**THE TASK:**
Every line below between the line holding "subtitle Artikel 2." and the line holding "text Besluit: [248, 550, 1163, 572]", inclusive, should be repeated exactly, and all other lines omitted.

**GIVEN DATA:**
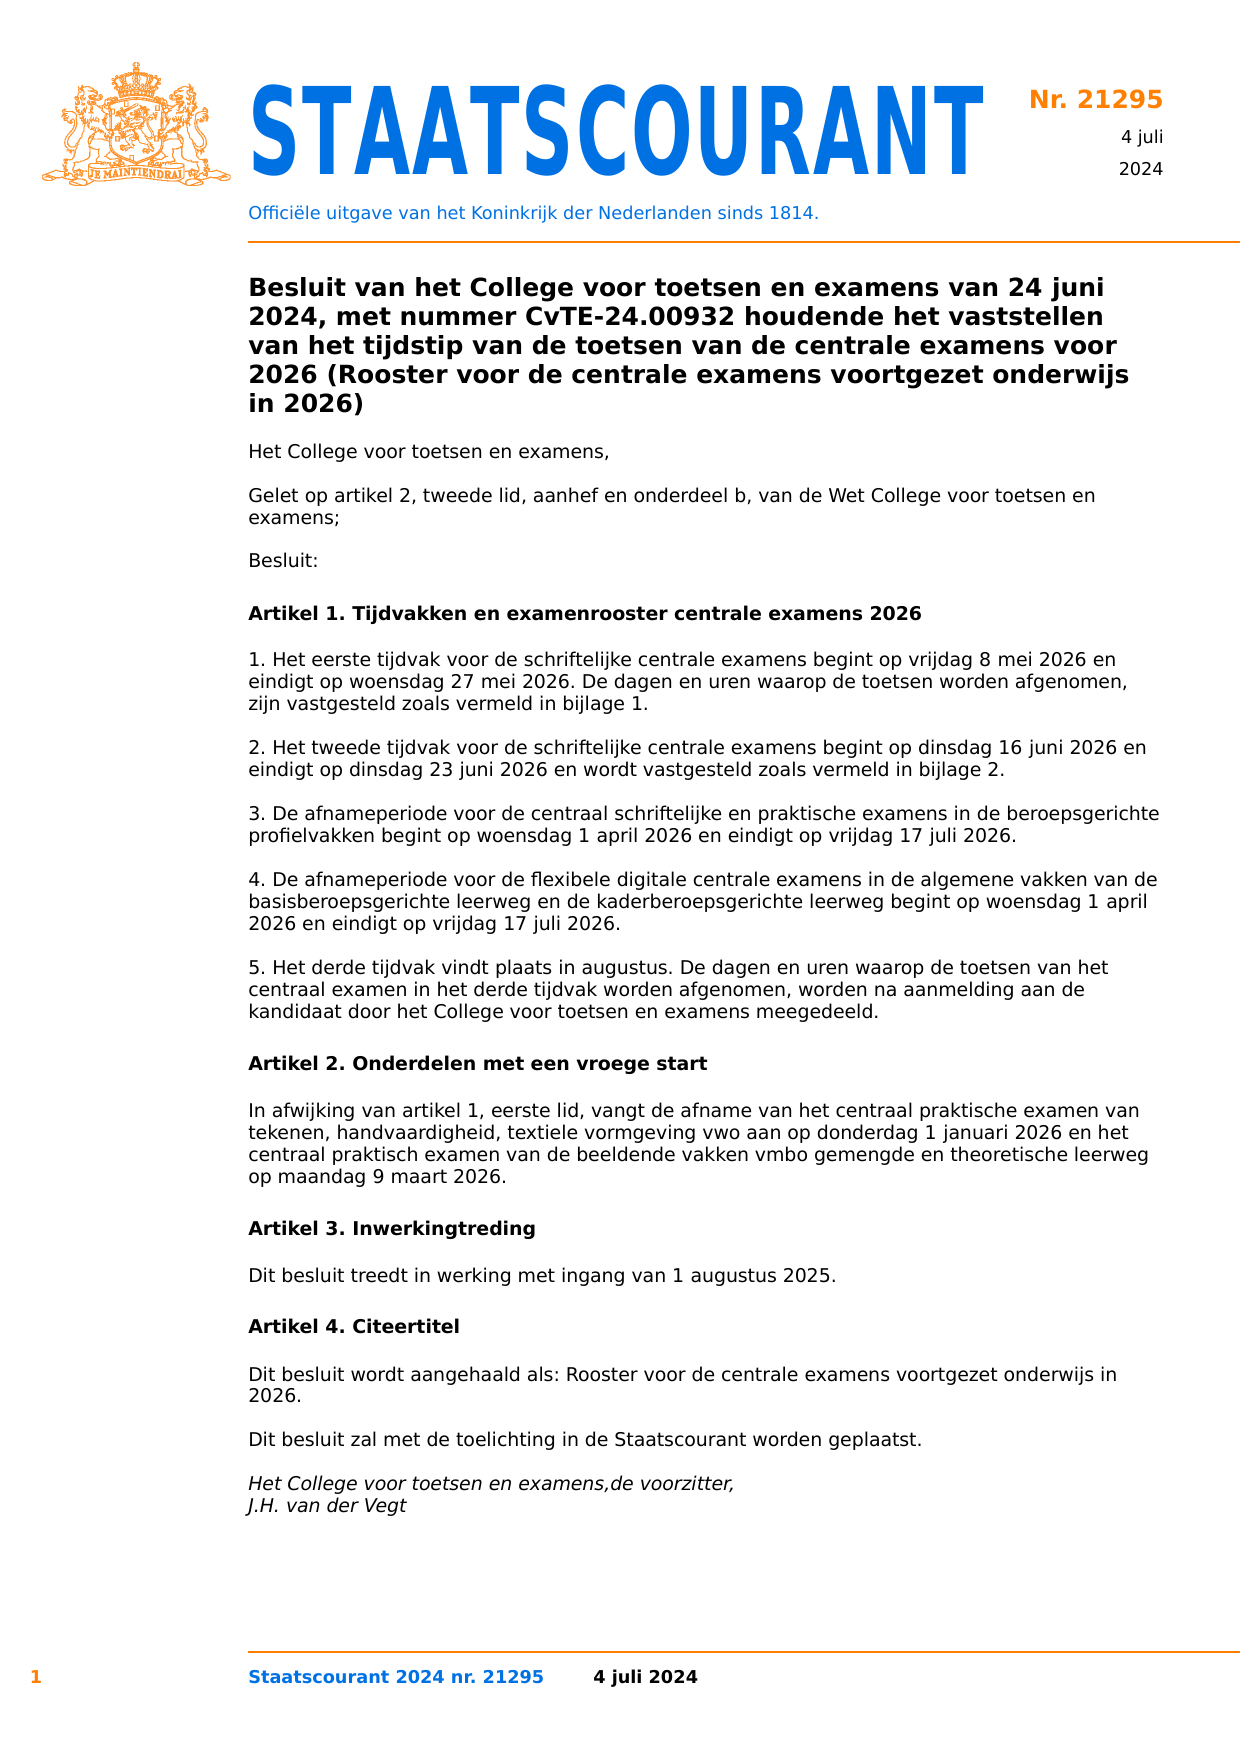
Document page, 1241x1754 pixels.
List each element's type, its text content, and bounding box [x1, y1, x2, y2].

text Gelet op artikel 2, tweede lid, aanhef en onderdeel b, van de Wet College voor toetsen en examens; [248, 484, 1163, 528]
subtitle Artikel 1. Tijdvakken en examenrooster centrale examens 2026 [248, 602, 1163, 624]
table_cell Officiële uitgave van het Koninkrijk der Nederlanden sinds 1814. [248, 203, 1240, 241]
subtitle Artikel 2. Onderdelen met een vroege start [248, 1053, 1163, 1074]
text 3. De afnameperiode voor de centraal schriftelijke en praktische examens in de beroepsgerichte profielvakken begint op woensdag 1 april 2026 en eindigt op vrijdag 17 juli 2026. [248, 803, 1163, 847]
text In afwijking van artikel 1, eerste lid, vangt de afname van het centraal praktische examen van tekenen, handvaardigheid, textiele vormgeving vwo aan op donderdag 1 januari 2026 en het centraal praktisch examen van de beeldende vakken vmbo gemengde en theoretische leerweg op maandag 9 maart 2026. [248, 1099, 1163, 1187]
text Het College voor toetsen en examens, [248, 441, 1163, 463]
text Dit besluit wordt aangehaald als: Rooster voor de centrale examens voortgezet onderwijs in 2026. [248, 1363, 1163, 1407]
table_cell 2024 [998, 153, 1240, 203]
picture [41, 62, 231, 186]
text 2. Het tweede tijdvak voor de schriftelijke centrale examens begint op dinsdag 16 juni 2026 en eindigt op dinsdag 23 juni 2026 en wordt vastgesteld zoals vermeld in bijlage 2. [248, 737, 1163, 781]
table_header [25, 62, 248, 241]
text Besluit: [248, 550, 1163, 572]
text 5. Het derde tijdvak vindt plaats in augustus. De dagen en uren waarop de toetsen van het centraal examen in het derde tijdvak worden afgenomen, worden na aanmelding aan de kandidaat door het College voor toetsen en examens meegedeeld. [248, 957, 1163, 1023]
text 1. Het eerste tijdvak voor de schriftelijke centrale examens begint op vrijdag 8 mei 2026 en eindigt op woensdag 27 mei 2026. De dagen en uren waarop de toetsen worden afgenomen, zijn vastgesteld zoals vermeld in bijlage 1. [248, 649, 1163, 715]
table_cell 4 juli [998, 121, 1240, 153]
table_header STAATSCOURANT [248, 62, 998, 203]
text Dit besluit treedt in werking met ingang van 1 augustus 2025. [248, 1264, 1163, 1286]
table_header Nr. 21295 [998, 62, 1240, 121]
subtitle Artikel 3. Inwerkingtreding [248, 1217, 1163, 1239]
subtitle Besluit van het College voor toetsen en examens van 24 juni 2024, met nummer CvTE-24.00932 houdende het vaststellen van het tijdstip van de toetsen van de centrale examens voor 2026 (Rooster voor de centrale examens voortgezet onderwijs in 2026) [248, 273, 1163, 419]
text Het College voor toetsen en examens,de voorzitter, J.H. van der Vegt [248, 1473, 1163, 1517]
text 4. De afnameperiode voor de flexibele digitale centrale examens in de algemene vakken van de basisberoepsgerichte leerweg en de kaderberoepsgerichte leerweg begint op woensdag 1 april 2026 en eindigt op vrijdag 17 juli 2026. [248, 869, 1163, 935]
subtitle Artikel 4. Citeertitel [248, 1316, 1163, 1338]
text Dit besluit zal met de toelichting in de Staatscourant worden geplaatst. [248, 1429, 1163, 1451]

**THE ANSWER:**
subtitle Artikel 2. Onderdelen met een vroege start [248, 1053, 1163, 1074]
text 3. De afnameperiode voor de centraal schriftelijke en praktische examens in de beroepsgerichte profielvakken begint op woensdag 1 april 2026 en eindigt op vrijdag 17 juli 2026. [248, 803, 1163, 847]
text In afwijking van artikel 1, eerste lid, vangt de afname van het centraal praktische examen van tekenen, handvaardigheid, textiele vormgeving vwo aan op donderdag 1 januari 2026 en het centraal praktisch examen van de beeldende vakken vmbo gemengde en theoretische leerweg op maandag 9 maart 2026. [248, 1099, 1163, 1187]
text Het College voor toetsen en examens, [248, 441, 1163, 463]
text Dit besluit wordt aangehaald als: Rooster voor de centrale examens voortgezet onderwijs in 2026. [248, 1363, 1163, 1407]
table_cell 2024 [998, 153, 1240, 203]
picture [41, 62, 231, 186]
text 2. Het tweede tijdvak voor de schriftelijke centrale examens begint op dinsdag 16 juni 2026 en eindigt op dinsdag 23 juni 2026 en wordt vastgesteld zoals vermeld in bijlage 2. [248, 737, 1163, 781]
table_header [25, 62, 248, 241]
text Besluit: [248, 550, 1163, 572]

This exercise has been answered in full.